(Data excerpts)
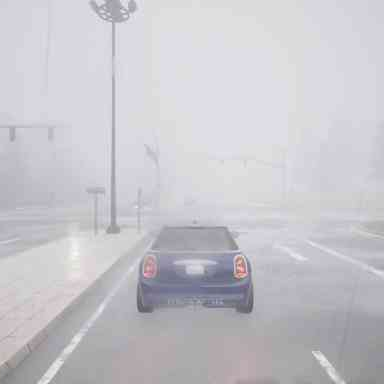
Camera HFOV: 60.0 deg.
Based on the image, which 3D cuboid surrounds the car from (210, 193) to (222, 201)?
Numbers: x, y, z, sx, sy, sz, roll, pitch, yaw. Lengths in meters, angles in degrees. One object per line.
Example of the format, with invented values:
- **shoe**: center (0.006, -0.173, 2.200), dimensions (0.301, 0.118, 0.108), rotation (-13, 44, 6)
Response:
- **car**: center (6.333, 1.215, 84.933), dimensions (2.150, 2.045, 5.566), rotation (0, 0, -1)

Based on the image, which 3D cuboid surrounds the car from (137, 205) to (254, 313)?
- **car**: center (0.069, 1.352, 7.821), dimensions (2.097, 1.767, 4.553), rotation (0, 0, 0)

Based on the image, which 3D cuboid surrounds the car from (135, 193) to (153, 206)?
- **car**: center (-8.285, 1.352, 55.997), dimensions (2.097, 1.767, 4.553), rotation (0, 0, -1)

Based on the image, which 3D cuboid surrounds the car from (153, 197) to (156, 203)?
- **car**: center (-8.386, 1.547, 65.611), dimensions (2.033, 1.411, 5.357), rotation (0, 0, 0)

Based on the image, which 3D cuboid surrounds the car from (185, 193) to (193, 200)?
- **car**: center (-0.839, 1.189, 95.500), dimensions (2.150, 2.045, 5.566), rotation (0, 0, -1)

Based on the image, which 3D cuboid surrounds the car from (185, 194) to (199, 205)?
- **car**: center (-0.176, 1.526, 54.640), dimensions (1.812, 1.442, 4.674), rotation (0, 0, -1)
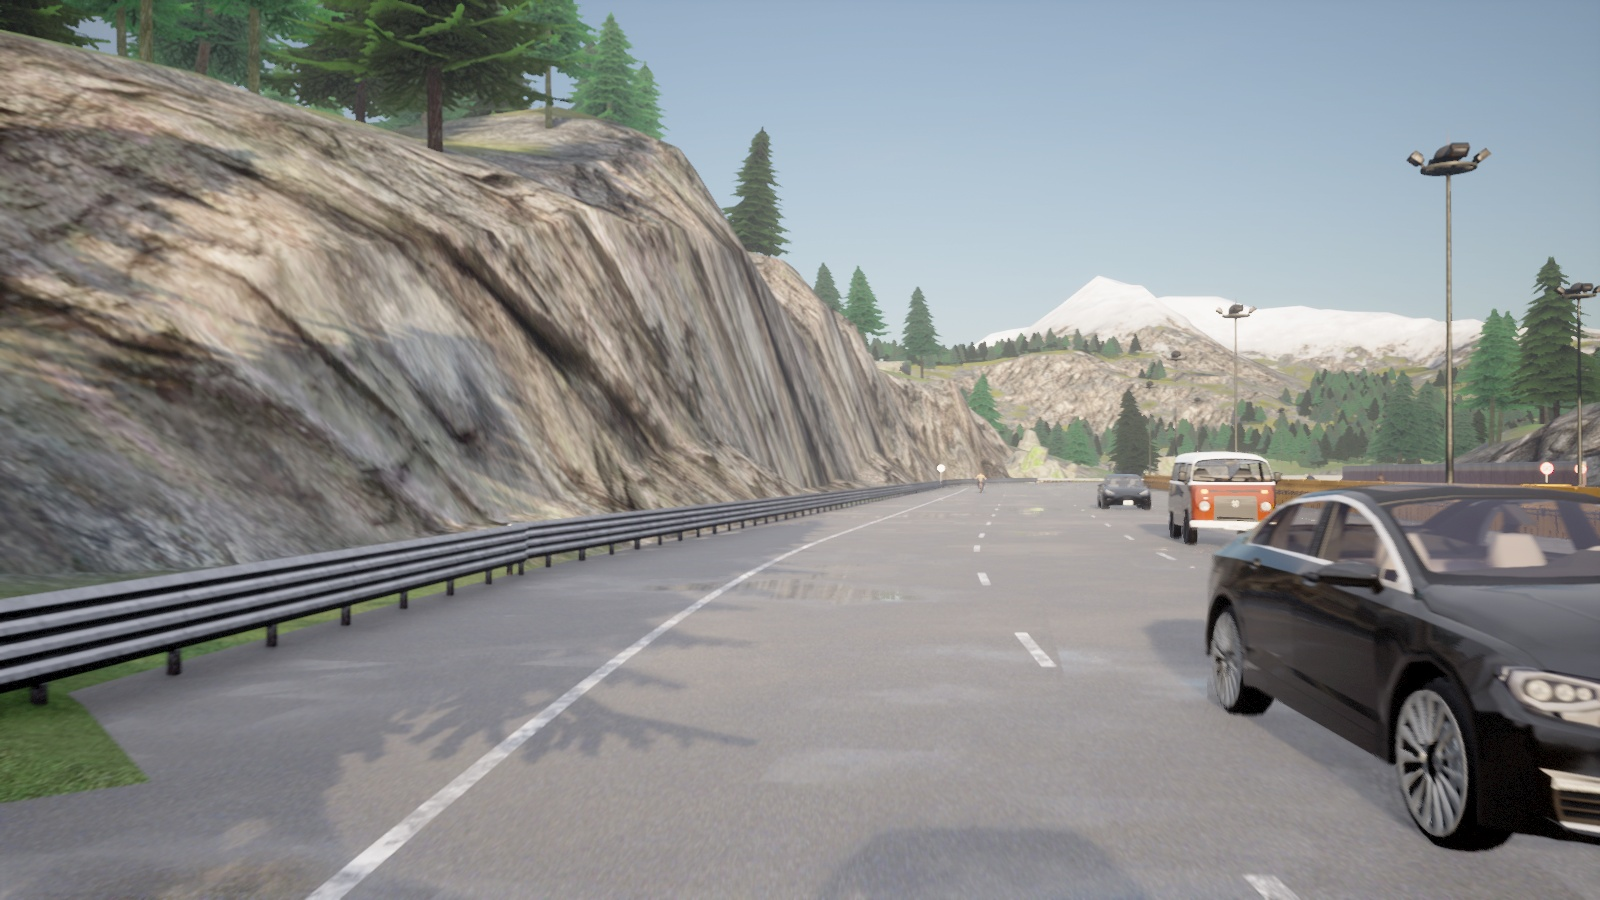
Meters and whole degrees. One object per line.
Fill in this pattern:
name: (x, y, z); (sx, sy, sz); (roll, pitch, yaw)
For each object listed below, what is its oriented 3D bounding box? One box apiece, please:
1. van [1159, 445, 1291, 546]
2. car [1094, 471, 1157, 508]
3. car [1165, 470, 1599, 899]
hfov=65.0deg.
van: (9.292, 0.968, 27.826); (2.069, 2.038, 4.480); (-1, -1, 10)
car: (13.671, 1.649, 53.002); (2.163, 1.488, 4.792); (0, -1, 10)
car: (3.603, 0.866, 6.550); (2.128, 1.511, 4.902); (0, -1, 2)
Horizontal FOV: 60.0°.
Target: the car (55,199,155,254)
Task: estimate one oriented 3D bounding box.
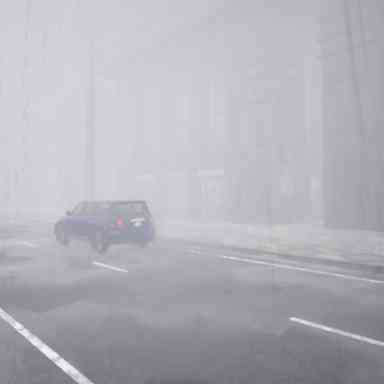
[{"bbox_3d":[-3.890,1.324,14.302,2.150,2.045,5.566,-1,0,-44],"label":"car"}]
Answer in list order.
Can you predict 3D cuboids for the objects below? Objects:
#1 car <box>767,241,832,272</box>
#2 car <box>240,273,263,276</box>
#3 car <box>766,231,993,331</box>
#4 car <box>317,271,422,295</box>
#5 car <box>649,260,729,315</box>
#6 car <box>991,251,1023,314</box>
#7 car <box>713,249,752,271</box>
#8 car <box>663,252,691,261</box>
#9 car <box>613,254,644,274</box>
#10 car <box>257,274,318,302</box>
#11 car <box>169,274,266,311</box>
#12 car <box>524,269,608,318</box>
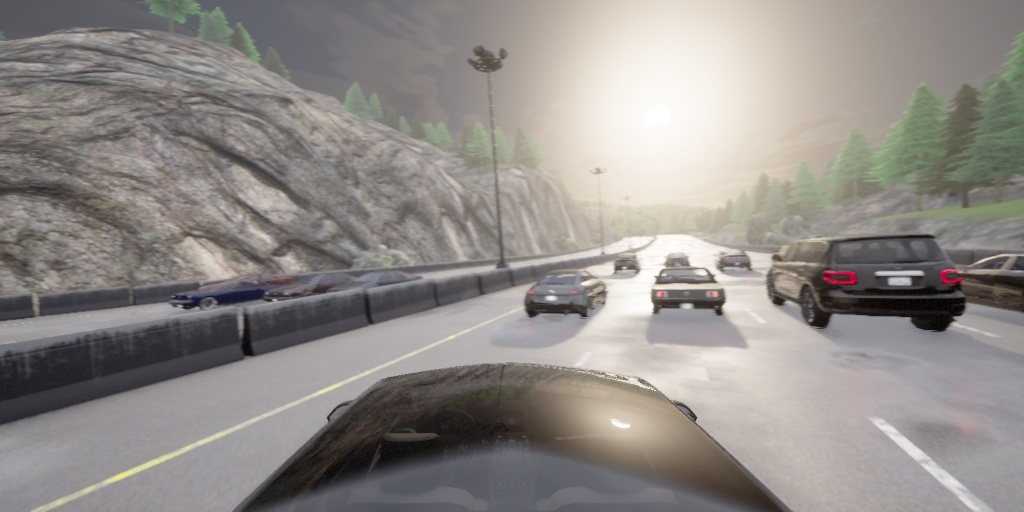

Exercise aim —
Wherever the string "pitch" appears in the records above, copy the line it sits in.

Result of this exercise —
Numbers: x, y, z, sx, sy, sz, roll, pitch, yaw. Lengths in meters, angles in degrees. One object per line.
name: (x, y, z); (sx, sy, sz); (roll, pitch, yaw)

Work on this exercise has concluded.